Dall'inizio di quest'anno la Svizzera siede per la prima volta nel Consiglio di sicurezza delle Nazioni Unite, dove s'impegnerà a promuovere la pace, la sicurezza e le riforme. Si tratta di un compito arduo nell'attuale clima geopolitico, ma la Confederazione ha alcuni punti di forza.

Dal 1° gennaio 2023 la Svizzera è uno dei dieci membri non permanenti del Consiglio di sicurezza delle Nazioni Unite per un periodo di due anni. Non ha diritto di veto come i cinque membri permanenti (Russia, Cina, Stati Uniti, Francia e Regno Unito). Il Consiglio di sicurezza è l’organo più importante per garantire la pace e la sicurezza nel mondo, ma la sua credibilità, già compromessa, è stata ulteriormente minata dal suo fallimento nel porre fine alla guerra in Ucraina. La Russia ha usato la sua facoltà di veto per bloccare una risoluzione che condannava l’invasione di cui era responsabile.

Può quindi la piccola Svizzera, senza diritto di veto, contribuire a portare avanti le riforme in seno al Consiglio di sicurezza?

“Assolutamente sì”, afferma Thomas Biersteker, professore onorario presso il Graduate Institute di Ginevra che ha lavorato con il Dipartimento federale degli affari esteri (DFAE) e specialista del Consiglio di Sicurezza dell’ONU. “Lo sta già facendo da più di un decennio. Il fatto di essere presente all’interno del Consiglio darà alla Svizzera un’opportunità, che non ha avuto in passato, di avere un maggiore accesso e sollevare questioni di importanza prioritaria”, dice.

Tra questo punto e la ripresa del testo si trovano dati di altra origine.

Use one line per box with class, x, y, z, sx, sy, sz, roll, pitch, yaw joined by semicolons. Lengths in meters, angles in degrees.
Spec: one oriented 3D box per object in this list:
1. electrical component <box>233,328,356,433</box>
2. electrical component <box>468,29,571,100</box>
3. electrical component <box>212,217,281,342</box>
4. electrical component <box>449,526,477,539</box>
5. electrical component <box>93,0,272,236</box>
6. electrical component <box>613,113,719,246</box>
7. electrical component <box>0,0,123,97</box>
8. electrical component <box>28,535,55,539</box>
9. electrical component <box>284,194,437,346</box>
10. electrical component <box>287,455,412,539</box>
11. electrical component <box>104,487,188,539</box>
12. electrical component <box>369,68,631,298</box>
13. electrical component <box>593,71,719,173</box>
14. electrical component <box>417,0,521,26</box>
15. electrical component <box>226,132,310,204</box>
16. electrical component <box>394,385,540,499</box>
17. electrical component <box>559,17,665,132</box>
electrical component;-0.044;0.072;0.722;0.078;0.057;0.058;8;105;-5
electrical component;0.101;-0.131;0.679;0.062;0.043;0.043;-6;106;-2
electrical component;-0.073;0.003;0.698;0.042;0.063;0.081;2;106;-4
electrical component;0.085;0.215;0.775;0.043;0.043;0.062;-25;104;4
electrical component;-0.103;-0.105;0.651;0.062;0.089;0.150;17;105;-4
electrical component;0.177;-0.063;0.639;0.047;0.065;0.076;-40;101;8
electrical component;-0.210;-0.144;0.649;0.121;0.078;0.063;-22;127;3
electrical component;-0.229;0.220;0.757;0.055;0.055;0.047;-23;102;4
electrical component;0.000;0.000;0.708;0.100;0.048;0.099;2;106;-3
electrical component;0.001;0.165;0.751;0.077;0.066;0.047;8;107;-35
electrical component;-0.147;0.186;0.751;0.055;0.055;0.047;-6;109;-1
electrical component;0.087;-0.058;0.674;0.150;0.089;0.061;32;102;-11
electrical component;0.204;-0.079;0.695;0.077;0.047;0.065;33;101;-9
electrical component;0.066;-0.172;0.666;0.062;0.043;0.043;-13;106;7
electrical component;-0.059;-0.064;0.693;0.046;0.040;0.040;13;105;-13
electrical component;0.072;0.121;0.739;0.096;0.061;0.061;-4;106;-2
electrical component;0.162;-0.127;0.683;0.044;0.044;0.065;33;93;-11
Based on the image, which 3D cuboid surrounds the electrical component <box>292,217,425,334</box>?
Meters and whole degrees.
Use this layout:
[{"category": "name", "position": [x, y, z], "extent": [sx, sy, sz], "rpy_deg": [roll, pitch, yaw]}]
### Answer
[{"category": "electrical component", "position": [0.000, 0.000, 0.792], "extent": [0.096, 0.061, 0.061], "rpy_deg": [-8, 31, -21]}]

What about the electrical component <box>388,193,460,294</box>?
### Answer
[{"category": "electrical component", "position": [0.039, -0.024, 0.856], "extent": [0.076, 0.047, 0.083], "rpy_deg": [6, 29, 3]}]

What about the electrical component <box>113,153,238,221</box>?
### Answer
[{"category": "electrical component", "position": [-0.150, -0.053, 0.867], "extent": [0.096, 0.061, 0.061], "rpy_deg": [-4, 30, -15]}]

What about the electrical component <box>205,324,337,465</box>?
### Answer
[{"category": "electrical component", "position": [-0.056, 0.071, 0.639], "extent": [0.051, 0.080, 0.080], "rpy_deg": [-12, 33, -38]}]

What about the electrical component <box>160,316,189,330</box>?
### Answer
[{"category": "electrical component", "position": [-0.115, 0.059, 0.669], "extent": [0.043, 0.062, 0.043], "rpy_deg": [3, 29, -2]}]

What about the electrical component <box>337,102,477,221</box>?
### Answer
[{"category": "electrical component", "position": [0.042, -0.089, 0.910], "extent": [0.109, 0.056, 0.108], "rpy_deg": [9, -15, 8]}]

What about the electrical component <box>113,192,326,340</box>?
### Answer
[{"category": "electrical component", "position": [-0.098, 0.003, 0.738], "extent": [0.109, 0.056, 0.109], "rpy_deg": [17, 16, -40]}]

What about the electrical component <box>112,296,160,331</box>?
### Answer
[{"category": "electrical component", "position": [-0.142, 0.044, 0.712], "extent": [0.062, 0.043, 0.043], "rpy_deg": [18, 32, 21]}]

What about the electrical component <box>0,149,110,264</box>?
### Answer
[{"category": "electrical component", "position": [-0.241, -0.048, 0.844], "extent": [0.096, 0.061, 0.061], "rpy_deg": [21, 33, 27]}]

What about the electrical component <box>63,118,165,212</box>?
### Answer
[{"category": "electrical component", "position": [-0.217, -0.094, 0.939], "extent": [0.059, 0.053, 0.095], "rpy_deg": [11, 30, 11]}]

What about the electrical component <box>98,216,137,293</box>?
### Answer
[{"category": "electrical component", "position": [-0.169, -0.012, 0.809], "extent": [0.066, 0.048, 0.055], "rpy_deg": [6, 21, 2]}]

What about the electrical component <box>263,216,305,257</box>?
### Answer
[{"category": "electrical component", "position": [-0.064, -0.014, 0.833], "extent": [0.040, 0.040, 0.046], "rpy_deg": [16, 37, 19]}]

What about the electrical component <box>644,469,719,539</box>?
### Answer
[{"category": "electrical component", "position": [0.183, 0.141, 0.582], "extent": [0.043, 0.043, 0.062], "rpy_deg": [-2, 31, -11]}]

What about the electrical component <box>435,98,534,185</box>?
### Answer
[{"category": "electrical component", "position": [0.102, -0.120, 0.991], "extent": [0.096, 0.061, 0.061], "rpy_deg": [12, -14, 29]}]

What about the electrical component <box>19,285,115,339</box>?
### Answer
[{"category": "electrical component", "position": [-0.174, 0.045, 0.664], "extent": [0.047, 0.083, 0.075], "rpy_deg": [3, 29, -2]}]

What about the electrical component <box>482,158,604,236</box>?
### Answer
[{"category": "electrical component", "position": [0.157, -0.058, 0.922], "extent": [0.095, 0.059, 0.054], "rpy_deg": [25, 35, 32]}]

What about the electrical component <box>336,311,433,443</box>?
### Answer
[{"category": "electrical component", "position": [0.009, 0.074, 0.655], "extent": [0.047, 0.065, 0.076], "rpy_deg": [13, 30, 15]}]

Il Governo elvetico ha fissato quattro priorità per la sua partecipazione al Consiglio, afferma Thomas Gürber, a capo della Divisione ONU del DFAE a Berna: promuovere una pace sostenibile, proteggere le popolazioni civili, affrontare la questione della sicurezza climatica e migliorare l’efficacia del Consiglio. Gürber sottolinea che la Svizzera vuole “lavorare con tutti i partner” e mettere a disposizione le sue competenze in materia di politica di pace. La Svizzera avrà anche la possibilità di presiedere il Consiglio due volte: nel maggio 2023 e poi di nuovo per un mese nel 2024. Questo “ci darà l’opportunità di introdurre le nostre priorità nelle discussioni”, dice Gürber.

Un diplomatico svizzero afferma a SWI swissinfo.ch che il compito più importante al momento, anche se non il più spettacolare, è probabilmente quello di “cercare di proteggere l’ordine giuridico internazionale, che è minacciato” e di “sostenere e rafforzare il diritto internazionale e di costruire alleanze con altri [Paesi]” che vogliono agire in tal modo. Questo potrebbe sembrare astratto, ammette, ma “è un lavoro quotidiano con ogni risoluzione”.

L’invasione dell’Ucraina da parte della Russia è ampiamente considerata una violazione del diritto internazionale e dello Statuto delle Nazioni Unite. Desta inoltre molta preoccupazione il fatto che Mosca abbia preso di mira le infrastrutture civili, ciò che è in contrasto con il diritto internazionale umanitario definito dalle Convenzioni di Ginevra. Sebbene nel mondo vi siano molte altre violazioni del diritto internazionale, questa situazione è particolarmente preoccupante dati il potere e la posizione di Mosca in seno alle Nazioni Unite.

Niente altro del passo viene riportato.